I, albeit I am emperor, can find no remedy or suitable counsel, but am always fleeing in the face of Turks and Pechenegs, and I remain in a particular city only until I perceive that their arrival is imminent. And I think it is better to be subjected to your Latins than to the abominations of the pagans. Therefore, before Constantinople is captured by them, you most certainly ought to fight with all your strength, so that you may joyfully receive in heaven a glorious and ineffable reward.5
The message was clear. The East had become a lame duck and ought to be taken over by the Latin (Roman Catholic) West.
The Papal call to arms was answered by a multitude of backgrounds and motives.

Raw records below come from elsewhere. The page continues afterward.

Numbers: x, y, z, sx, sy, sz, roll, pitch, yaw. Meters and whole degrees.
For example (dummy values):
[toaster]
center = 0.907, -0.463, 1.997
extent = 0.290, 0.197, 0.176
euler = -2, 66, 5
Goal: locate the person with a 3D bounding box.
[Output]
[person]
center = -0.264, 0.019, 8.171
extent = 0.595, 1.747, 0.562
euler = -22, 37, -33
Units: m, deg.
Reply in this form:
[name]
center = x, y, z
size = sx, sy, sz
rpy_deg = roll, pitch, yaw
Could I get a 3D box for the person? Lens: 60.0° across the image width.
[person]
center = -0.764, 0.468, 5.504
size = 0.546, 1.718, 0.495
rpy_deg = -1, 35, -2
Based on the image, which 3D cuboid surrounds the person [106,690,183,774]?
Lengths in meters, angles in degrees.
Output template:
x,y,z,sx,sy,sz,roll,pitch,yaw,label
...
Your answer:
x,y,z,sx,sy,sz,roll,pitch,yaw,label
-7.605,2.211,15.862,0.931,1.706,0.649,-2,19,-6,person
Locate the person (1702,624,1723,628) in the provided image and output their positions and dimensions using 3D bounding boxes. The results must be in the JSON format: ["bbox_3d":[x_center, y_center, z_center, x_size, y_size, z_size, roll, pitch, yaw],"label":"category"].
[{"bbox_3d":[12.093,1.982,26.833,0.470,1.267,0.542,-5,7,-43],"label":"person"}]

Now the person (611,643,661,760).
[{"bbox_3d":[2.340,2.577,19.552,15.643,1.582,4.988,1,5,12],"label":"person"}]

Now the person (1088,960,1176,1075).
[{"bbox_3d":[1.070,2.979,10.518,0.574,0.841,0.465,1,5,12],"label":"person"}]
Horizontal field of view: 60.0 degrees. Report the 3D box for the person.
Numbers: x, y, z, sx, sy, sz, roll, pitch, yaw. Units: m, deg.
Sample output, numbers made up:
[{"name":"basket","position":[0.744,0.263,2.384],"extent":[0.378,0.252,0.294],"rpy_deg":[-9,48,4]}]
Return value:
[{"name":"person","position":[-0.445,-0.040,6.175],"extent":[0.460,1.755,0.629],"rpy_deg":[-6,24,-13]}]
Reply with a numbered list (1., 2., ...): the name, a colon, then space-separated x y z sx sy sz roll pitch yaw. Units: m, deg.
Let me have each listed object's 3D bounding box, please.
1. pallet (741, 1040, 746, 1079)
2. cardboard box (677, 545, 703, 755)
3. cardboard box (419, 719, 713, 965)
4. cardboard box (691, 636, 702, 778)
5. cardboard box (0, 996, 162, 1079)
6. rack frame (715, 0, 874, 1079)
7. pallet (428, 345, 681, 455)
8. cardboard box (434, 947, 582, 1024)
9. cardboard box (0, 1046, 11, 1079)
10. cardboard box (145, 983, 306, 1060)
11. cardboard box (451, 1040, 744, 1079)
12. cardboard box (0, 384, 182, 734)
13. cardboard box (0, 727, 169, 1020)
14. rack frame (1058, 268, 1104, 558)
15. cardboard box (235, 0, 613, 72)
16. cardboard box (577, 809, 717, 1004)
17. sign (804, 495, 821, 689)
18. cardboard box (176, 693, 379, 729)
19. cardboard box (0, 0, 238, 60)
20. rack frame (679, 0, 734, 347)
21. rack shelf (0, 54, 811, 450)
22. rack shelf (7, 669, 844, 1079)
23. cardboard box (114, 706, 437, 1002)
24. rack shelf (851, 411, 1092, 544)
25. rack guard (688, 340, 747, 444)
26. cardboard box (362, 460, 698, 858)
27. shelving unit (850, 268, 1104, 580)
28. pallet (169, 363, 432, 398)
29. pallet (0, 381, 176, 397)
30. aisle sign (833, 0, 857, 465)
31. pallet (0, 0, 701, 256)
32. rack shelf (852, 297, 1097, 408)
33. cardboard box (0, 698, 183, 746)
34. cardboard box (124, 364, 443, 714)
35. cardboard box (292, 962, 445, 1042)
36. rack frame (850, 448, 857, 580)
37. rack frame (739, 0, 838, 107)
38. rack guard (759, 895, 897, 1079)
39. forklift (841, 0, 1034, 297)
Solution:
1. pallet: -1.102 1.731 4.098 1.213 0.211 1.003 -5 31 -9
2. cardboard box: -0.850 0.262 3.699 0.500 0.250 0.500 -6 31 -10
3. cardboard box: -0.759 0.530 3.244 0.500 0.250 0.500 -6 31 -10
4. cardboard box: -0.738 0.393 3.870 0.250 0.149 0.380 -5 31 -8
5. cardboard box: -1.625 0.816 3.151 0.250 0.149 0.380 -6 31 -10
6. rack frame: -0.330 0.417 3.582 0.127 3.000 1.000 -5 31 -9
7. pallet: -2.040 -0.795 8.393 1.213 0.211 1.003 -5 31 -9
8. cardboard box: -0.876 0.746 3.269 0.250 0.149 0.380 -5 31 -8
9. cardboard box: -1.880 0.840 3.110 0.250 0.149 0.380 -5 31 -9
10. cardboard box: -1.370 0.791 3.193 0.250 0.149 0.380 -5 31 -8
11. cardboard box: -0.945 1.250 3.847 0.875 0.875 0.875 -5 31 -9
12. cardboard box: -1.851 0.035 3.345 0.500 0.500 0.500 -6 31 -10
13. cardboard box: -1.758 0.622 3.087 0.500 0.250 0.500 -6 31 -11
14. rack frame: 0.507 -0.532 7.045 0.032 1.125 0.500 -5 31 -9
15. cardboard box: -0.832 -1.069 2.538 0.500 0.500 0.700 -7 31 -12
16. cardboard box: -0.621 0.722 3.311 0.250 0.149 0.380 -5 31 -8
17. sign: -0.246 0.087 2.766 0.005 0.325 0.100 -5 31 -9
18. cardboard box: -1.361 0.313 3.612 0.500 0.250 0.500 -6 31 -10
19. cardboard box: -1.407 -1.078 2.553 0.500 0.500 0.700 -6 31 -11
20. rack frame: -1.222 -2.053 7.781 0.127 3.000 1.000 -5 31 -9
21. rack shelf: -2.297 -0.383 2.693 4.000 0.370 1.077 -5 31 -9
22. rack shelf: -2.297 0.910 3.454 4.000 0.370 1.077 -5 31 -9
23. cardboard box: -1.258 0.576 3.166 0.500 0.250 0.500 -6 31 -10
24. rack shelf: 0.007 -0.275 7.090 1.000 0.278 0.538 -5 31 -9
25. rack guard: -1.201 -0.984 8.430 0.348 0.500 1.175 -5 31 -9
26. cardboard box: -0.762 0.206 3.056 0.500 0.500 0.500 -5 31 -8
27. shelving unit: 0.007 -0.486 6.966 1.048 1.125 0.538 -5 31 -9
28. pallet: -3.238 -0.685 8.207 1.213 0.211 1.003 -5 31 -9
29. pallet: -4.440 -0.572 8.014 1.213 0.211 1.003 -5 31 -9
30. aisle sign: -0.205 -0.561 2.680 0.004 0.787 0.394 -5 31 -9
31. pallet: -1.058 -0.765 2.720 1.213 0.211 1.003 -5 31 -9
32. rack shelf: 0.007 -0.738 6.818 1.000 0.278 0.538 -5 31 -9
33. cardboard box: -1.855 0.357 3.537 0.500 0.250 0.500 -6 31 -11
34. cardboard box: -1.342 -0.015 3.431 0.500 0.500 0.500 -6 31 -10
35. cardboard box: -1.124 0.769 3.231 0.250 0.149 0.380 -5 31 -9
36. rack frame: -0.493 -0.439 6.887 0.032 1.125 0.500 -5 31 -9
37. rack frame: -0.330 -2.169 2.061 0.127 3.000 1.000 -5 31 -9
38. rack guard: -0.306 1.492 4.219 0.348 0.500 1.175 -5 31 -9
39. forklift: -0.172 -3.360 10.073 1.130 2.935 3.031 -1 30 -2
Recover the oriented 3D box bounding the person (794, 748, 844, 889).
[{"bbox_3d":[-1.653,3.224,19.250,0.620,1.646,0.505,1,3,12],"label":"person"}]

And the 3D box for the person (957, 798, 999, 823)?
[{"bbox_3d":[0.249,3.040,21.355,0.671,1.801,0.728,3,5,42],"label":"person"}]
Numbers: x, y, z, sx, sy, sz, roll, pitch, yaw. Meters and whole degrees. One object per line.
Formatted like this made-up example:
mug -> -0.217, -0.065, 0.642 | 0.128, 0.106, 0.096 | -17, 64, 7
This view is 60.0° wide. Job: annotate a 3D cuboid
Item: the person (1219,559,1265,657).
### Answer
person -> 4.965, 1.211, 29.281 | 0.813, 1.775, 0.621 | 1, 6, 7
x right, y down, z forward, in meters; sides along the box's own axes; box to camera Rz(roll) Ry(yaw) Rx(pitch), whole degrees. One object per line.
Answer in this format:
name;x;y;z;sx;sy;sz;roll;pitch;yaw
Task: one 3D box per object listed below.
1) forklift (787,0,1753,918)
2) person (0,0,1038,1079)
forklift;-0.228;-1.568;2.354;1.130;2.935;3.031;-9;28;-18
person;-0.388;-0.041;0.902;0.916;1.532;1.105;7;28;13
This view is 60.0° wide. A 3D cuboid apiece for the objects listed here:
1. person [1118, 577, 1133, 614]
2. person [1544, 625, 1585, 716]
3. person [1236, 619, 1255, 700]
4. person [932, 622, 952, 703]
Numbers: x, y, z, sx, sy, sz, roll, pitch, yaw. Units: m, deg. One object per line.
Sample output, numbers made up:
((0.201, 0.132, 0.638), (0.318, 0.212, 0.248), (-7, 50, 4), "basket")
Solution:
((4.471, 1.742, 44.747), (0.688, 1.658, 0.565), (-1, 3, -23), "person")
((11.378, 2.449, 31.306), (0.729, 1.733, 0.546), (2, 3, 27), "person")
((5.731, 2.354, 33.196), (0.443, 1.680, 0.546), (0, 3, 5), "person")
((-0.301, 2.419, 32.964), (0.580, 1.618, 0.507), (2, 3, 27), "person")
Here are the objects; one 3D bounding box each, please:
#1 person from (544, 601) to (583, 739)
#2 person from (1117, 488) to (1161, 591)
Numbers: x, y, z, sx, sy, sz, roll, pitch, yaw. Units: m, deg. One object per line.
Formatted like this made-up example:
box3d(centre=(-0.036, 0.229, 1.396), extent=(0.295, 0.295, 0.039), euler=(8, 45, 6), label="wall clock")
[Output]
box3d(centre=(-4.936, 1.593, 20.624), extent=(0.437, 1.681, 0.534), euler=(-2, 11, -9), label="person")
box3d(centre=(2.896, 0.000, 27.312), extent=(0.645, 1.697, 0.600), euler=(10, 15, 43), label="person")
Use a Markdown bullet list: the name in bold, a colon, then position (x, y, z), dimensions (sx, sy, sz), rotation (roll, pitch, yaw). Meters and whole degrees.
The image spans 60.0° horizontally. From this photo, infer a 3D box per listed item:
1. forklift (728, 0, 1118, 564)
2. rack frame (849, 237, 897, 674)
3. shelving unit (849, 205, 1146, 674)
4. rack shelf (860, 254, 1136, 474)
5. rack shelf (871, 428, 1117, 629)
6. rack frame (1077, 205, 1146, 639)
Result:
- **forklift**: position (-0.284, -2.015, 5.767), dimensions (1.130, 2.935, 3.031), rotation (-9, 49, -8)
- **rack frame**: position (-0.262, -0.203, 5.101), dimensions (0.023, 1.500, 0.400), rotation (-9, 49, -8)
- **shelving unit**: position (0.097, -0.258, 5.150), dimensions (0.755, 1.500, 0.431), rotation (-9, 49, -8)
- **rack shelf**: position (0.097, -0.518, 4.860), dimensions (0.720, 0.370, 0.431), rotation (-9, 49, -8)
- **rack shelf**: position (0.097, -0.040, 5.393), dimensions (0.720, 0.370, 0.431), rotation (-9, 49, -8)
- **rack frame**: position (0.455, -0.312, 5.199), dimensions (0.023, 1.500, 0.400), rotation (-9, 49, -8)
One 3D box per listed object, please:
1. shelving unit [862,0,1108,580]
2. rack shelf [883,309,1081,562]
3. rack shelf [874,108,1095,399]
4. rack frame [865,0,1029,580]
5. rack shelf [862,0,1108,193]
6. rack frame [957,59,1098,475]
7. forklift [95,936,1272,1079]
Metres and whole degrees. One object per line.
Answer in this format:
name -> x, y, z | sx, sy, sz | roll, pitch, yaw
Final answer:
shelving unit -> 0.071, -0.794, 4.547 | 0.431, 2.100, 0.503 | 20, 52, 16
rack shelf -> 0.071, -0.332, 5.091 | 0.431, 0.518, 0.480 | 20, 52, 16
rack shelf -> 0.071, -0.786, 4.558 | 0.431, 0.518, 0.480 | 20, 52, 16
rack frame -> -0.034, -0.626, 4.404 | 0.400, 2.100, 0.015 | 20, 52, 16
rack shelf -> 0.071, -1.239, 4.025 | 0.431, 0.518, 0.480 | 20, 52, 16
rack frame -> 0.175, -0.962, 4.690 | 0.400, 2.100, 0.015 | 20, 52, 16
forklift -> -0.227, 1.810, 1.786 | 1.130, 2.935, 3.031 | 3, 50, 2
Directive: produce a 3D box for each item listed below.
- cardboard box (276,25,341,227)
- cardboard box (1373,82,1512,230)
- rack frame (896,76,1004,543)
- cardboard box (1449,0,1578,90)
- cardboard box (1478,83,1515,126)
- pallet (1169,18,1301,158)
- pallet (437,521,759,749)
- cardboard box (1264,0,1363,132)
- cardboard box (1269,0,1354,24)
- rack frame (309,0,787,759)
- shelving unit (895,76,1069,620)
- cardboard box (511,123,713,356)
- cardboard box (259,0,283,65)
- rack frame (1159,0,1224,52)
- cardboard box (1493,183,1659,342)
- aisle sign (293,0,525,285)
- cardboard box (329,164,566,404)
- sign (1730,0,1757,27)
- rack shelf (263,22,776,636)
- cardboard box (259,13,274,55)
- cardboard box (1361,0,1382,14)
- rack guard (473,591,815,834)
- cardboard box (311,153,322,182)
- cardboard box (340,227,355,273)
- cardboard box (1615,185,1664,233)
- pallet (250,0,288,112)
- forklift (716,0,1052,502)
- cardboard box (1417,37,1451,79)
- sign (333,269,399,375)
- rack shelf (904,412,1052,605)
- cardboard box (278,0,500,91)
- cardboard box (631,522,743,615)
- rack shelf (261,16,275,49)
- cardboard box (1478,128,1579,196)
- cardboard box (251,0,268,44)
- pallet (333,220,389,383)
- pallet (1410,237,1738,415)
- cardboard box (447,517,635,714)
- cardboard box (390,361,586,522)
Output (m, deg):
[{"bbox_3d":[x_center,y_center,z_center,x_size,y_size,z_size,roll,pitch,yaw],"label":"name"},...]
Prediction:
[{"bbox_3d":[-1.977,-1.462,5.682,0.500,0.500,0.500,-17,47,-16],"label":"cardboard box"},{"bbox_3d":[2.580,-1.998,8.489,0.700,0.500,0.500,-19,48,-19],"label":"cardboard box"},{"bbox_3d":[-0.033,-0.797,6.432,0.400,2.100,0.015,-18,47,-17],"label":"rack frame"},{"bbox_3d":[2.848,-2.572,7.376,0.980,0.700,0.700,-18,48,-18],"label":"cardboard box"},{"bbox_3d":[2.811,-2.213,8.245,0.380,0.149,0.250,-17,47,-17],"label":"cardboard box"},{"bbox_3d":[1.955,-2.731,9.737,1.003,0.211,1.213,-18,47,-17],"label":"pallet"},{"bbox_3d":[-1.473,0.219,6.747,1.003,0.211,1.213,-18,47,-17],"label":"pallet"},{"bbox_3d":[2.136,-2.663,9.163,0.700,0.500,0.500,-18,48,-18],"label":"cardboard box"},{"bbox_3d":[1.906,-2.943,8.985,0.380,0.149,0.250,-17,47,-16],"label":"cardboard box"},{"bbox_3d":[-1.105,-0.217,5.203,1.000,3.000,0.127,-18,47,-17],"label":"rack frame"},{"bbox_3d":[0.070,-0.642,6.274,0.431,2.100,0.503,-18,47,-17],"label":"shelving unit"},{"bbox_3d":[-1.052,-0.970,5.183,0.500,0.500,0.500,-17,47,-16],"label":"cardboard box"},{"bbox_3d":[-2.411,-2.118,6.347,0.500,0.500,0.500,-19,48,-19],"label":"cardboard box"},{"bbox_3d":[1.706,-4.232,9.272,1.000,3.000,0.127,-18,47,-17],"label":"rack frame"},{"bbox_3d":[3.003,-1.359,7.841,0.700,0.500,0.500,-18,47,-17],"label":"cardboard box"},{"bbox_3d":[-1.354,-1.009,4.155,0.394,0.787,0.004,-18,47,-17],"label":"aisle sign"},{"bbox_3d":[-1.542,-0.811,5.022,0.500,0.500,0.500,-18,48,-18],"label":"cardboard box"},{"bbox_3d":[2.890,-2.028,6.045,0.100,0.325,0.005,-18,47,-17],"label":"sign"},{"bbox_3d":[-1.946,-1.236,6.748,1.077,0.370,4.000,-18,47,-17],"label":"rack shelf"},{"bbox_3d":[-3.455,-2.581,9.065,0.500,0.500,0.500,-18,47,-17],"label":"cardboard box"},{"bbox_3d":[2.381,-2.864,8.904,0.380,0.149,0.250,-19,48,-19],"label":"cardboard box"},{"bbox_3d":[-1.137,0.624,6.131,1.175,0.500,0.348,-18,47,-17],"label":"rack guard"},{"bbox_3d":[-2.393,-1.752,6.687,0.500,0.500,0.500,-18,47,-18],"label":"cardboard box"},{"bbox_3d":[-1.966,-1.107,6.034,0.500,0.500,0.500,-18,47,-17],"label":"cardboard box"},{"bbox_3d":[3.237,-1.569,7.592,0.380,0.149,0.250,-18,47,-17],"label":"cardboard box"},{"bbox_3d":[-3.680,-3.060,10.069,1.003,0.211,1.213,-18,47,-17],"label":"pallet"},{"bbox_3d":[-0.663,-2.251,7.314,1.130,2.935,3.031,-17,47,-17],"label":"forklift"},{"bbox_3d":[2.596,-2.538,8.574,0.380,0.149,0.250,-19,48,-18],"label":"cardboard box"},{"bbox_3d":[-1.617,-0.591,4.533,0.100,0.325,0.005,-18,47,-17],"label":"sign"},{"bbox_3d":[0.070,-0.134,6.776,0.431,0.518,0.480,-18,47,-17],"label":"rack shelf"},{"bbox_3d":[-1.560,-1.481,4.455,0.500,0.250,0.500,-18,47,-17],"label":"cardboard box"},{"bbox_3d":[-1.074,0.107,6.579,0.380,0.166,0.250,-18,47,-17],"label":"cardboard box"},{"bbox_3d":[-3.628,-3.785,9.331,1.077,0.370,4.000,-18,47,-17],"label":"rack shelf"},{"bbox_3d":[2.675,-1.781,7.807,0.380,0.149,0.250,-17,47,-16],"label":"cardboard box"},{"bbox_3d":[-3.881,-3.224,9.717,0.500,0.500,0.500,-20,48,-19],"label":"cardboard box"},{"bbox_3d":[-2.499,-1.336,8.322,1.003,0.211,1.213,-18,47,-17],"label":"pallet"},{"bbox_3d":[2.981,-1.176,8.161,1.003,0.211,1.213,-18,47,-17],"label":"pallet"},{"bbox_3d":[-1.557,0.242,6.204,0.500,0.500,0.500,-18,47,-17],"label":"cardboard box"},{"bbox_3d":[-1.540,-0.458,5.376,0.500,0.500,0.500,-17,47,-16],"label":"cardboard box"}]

Devoted Christians such as serving knights and feudal lords, many of whom sold their possessions to support the call to arms or the “Croissade” as it became known, were joined by commoners from town and country. Serfs were no longer bound to the soil, and citizens were exempted from taxes. Prisoners were also allowed to join and death sentences were commuted to life service in Palestine. Women and children accompanied their husbands and fathers, together with unmarried women and professional prostitutes. And all who fell in battle would be absolved of punishment in the life hereafter, and gain entry into the Kingdom of Heaven. Conspicuously absent were kings, none of whom accompanied the Crusade. Indeed Philip I of France, William II of England, and the Saxon King HenryIV were all under excommunication by the Pope when the Crusade was called.